Although the four male members neglected to come, they, too, sent well-wishes in the form of beaded knick-knacks. For instance, 20-year beadworker David Dean (computer chat name, Beadude) sent Hulsey a beaded amulet purse necklace that he called "her portrait." The piece looked like a hand-size pouch decorated with a Picasso-esque face and dangling strands of beaded hair attached at the sides. Estimated gallery worth: about $200, according to the experts present.

Many of the gifts exchanged would cost similar amounts on the open market and would require about 24 hours of solid work for the average person to complete. "This is the most giving group of people I've ever been involved with," said Cooper, who recently finished blowing bubbles from the red, white, and black beaded amulet swinging from her neck. Both the action and the toy foretold of shenanigans likely to occur in the days that remain.

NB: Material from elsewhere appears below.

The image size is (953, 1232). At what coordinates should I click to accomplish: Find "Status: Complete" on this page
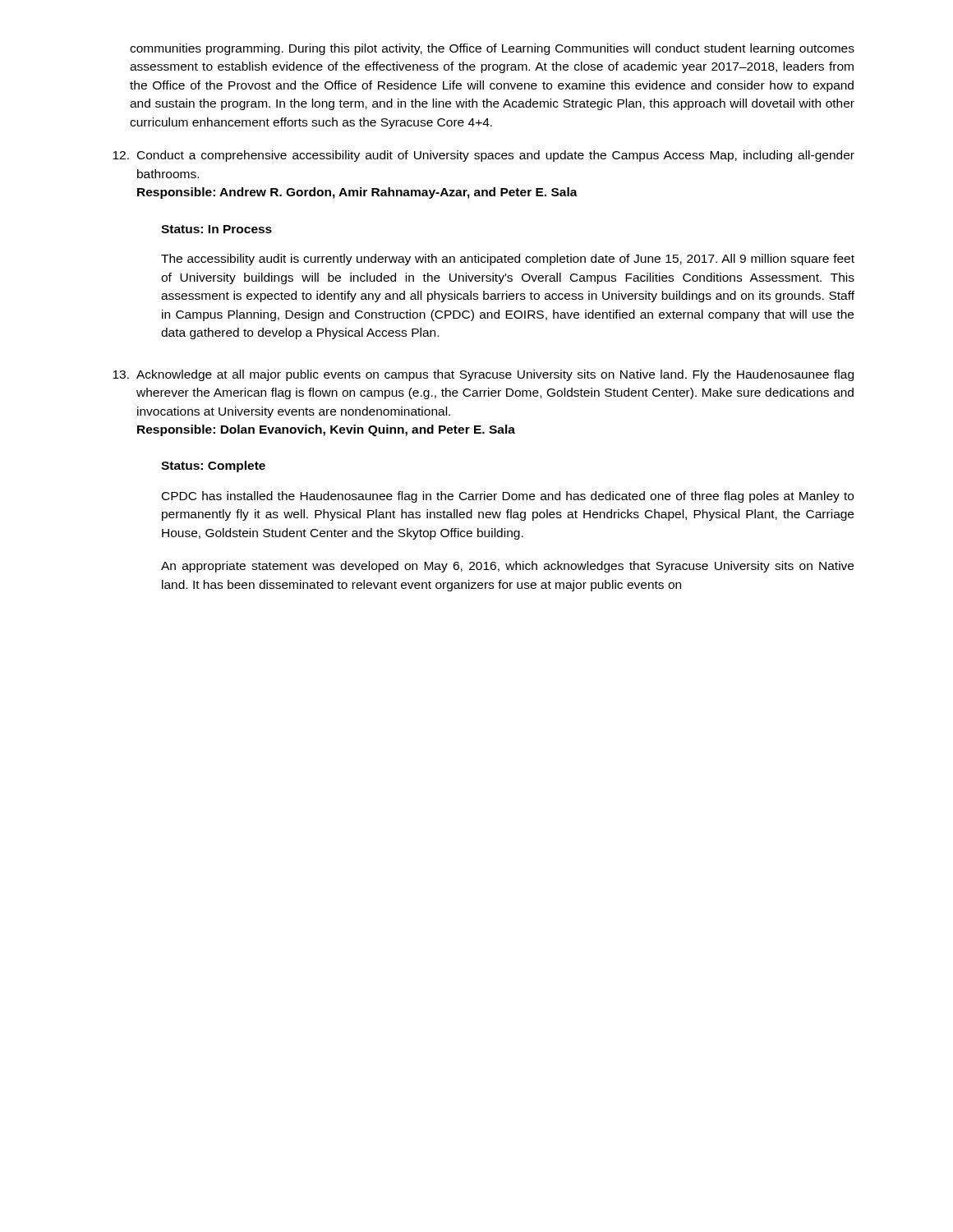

Sitting among tables covered with beading material, the women created, learned, laughed, played silly spur-of-the-moment games, told stories and harassed each other like schoolgirls. Although Hulsey lives in town, she said she's staying in adjoining rooms with five of the other women. One night during last year's romp, several women who were dressed in their nightgowns went to Denny's at 3 a.m. to bead because of inadequate lighting in their hotel rooms. The outlook for this year holds similar tendencies. When the group isn't meeting, Hulsey said, "people are going off and doing their own things ... and then coming back and beading until their eyes cross or they can't see." "People pay megabucks to get as high as we get from just getting together. And the only pain we feel is lack of sleep."